TASK OBJECTIVE: The output is to match the entries below character for character.

*** DATA FOR THIS TASK ***

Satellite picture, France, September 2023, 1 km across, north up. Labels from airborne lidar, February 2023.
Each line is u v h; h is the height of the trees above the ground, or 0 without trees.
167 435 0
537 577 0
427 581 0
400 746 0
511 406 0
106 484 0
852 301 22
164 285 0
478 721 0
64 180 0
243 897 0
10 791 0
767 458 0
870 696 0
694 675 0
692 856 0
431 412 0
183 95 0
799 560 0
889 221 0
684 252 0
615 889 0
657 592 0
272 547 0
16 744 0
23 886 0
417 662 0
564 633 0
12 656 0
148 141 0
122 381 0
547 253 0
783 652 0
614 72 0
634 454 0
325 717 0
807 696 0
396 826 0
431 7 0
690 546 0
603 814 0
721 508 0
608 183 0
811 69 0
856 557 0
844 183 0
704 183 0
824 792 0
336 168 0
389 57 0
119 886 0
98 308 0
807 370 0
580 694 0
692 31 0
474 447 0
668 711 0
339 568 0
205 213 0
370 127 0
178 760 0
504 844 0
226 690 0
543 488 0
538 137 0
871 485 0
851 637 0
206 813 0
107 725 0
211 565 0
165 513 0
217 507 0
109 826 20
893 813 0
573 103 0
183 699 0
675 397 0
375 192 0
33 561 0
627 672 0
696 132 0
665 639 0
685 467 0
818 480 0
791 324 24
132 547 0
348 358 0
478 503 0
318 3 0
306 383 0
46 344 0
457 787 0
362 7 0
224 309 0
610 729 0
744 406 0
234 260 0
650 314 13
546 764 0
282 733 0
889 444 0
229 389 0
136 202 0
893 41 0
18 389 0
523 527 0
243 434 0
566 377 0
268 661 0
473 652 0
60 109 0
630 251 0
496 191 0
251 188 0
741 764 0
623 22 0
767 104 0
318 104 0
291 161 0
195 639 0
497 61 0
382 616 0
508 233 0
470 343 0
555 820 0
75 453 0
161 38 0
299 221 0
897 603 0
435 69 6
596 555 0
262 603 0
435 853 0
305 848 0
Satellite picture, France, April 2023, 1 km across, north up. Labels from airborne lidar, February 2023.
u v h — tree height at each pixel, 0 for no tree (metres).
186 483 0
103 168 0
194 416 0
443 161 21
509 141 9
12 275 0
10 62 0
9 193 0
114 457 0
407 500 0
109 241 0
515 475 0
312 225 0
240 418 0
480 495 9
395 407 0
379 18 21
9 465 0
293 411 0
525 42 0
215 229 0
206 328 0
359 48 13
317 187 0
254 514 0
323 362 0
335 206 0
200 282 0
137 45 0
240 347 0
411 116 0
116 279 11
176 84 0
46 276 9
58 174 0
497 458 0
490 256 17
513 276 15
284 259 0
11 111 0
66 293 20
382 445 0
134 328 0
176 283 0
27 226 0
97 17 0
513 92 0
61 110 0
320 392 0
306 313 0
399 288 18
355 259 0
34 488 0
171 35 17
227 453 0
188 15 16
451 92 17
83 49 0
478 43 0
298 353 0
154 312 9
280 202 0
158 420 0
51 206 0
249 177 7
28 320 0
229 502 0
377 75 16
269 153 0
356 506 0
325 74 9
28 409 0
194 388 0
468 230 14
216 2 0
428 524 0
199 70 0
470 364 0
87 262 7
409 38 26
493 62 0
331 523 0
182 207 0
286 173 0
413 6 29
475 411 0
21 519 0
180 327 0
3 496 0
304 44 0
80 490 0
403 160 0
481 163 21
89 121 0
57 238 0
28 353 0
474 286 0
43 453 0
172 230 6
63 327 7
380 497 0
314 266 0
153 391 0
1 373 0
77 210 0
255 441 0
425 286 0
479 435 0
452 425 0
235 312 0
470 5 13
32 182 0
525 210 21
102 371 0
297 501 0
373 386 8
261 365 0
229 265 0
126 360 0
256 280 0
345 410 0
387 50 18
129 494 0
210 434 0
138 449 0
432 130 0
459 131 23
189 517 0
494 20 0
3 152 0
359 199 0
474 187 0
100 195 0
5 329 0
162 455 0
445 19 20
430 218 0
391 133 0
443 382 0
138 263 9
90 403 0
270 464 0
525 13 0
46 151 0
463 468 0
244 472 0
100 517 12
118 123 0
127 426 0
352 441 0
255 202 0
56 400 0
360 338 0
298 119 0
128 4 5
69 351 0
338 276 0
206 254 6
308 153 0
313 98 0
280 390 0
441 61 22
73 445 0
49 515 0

*** End of DATA FOR THIS TASK ***

ANSWER AREA:
Satellite picture, France, September 2023, 1 km across, north up. Labels from airborne lidar, February 2023.
Each line is u v h; h is the height of the trees above the ground, or 0 without trees.
167 435 0
537 577 0
427 581 0
400 746 0
511 406 0
106 484 0
852 301 22
164 285 0
478 721 0
64 180 0
243 897 0
10 791 0
767 458 0
870 696 0
694 675 0
692 856 0
431 412 0
183 95 0
799 560 0
889 221 0
684 252 0
615 889 0
657 592 0
272 547 0
16 744 0
23 886 0
417 662 0
564 633 0
12 656 0
148 141 0
122 381 0
547 253 0
783 652 0
614 72 0
634 454 0
325 717 0
807 696 0
396 826 0
431 7 0
690 546 0
603 814 0
721 508 0
608 183 0
811 69 0
856 557 0
844 183 0
704 183 0
824 792 0
336 168 0
389 57 0
119 886 0
98 308 0
807 370 0
580 694 0
692 31 0
474 447 0
668 711 0
339 568 0
205 213 0
370 127 0
178 760 0
504 844 0
226 690 0
543 488 0
538 137 0
871 485 0
851 637 0
206 813 0
107 725 0
211 565 0
165 513 0
217 507 0
109 826 20
893 813 0
573 103 0
183 699 0
675 397 0
375 192 0
33 561 0
627 672 0
696 132 0
665 639 0
685 467 0
818 480 0
791 324 24
132 547 0
348 358 0
478 503 0
318 3 0
306 383 0
46 344 0
457 787 0
362 7 0
224 309 0
610 729 0
744 406 0
234 260 0
650 314 13
546 764 0
282 733 0
889 444 0
229 389 0
136 202 0
893 41 0
18 389 0
523 527 0
243 434 0
566 377 0
268 661 0
473 652 0
60 109 0
630 251 0
496 191 0
251 188 0
741 764 0
623 22 0
767 104 0
318 104 0
291 161 0
195 639 0
497 61 0
382 616 0
508 233 0
470 343 0
555 820 0
75 453 0
161 38 0
299 221 0
897 603 0
435 69 6
596 555 0
262 603 0
435 853 0
305 848 0
Satellite picture, France, April 2023, 1 km across, north up. Labels from airborne lidar, February 2023.
u v h — tree height at each pixel, 0 for no tree (metres).
186 483 0
103 168 0
194 416 0
443 161 21
509 141 9
12 275 0
10 62 0
9 193 0
114 457 0
407 500 0
109 241 0
515 475 0
312 225 0
240 418 0
480 495 9
395 407 0
379 18 21
9 465 0
293 411 0
525 42 0
215 229 0
206 328 0
359 48 13
317 187 0
254 514 0
323 362 0
335 206 0
200 282 0
137 45 0
240 347 0
411 116 0
116 279 11
176 84 0
46 276 9
58 174 0
497 458 0
490 256 17
513 276 15
284 259 0
11 111 0
66 293 20
382 445 0
134 328 0
176 283 0
27 226 0
97 17 0
513 92 0
61 110 0
320 392 0
306 313 0
399 288 18
355 259 0
34 488 0
171 35 17
227 453 0
188 15 16
451 92 17
83 49 0
478 43 0
298 353 0
154 312 9
280 202 0
158 420 0
51 206 0
249 177 7
28 320 0
229 502 0
377 75 16
269 153 0
356 506 0
325 74 9
28 409 0
194 388 0
468 230 14
216 2 0
428 524 0
199 70 0
470 364 0
87 262 7
409 38 26
493 62 0
331 523 0
182 207 0
286 173 0
413 6 29
475 411 0
21 519 0
180 327 0
3 496 0
304 44 0
80 490 0
403 160 0
481 163 21
89 121 0
57 238 0
28 353 0
474 286 0
43 453 0
172 230 6
63 327 7
380 497 0
314 266 0
153 391 0
1 373 0
77 210 0
255 441 0
425 286 0
479 435 0
452 425 0
235 312 0
470 5 13
32 182 0
525 210 21
102 371 0
297 501 0
373 386 8
261 365 0
229 265 0
126 360 0
256 280 0
345 410 0
387 50 18
129 494 0
210 434 0
138 449 0
432 130 0
459 131 23
189 517 0
494 20 0
3 152 0
359 199 0
474 187 0
100 195 0
5 329 0
162 455 0
445 19 20
430 218 0
391 133 0
443 382 0
138 263 9
90 403 0
270 464 0
525 13 0
46 151 0
463 468 0
244 472 0
100 517 12
118 123 0
127 426 0
352 441 0
255 202 0
56 400 0
360 338 0
298 119 0
128 4 5
69 351 0
338 276 0
206 254 6
308 153 0
313 98 0
280 390 0
441 61 22
73 445 0
49 515 0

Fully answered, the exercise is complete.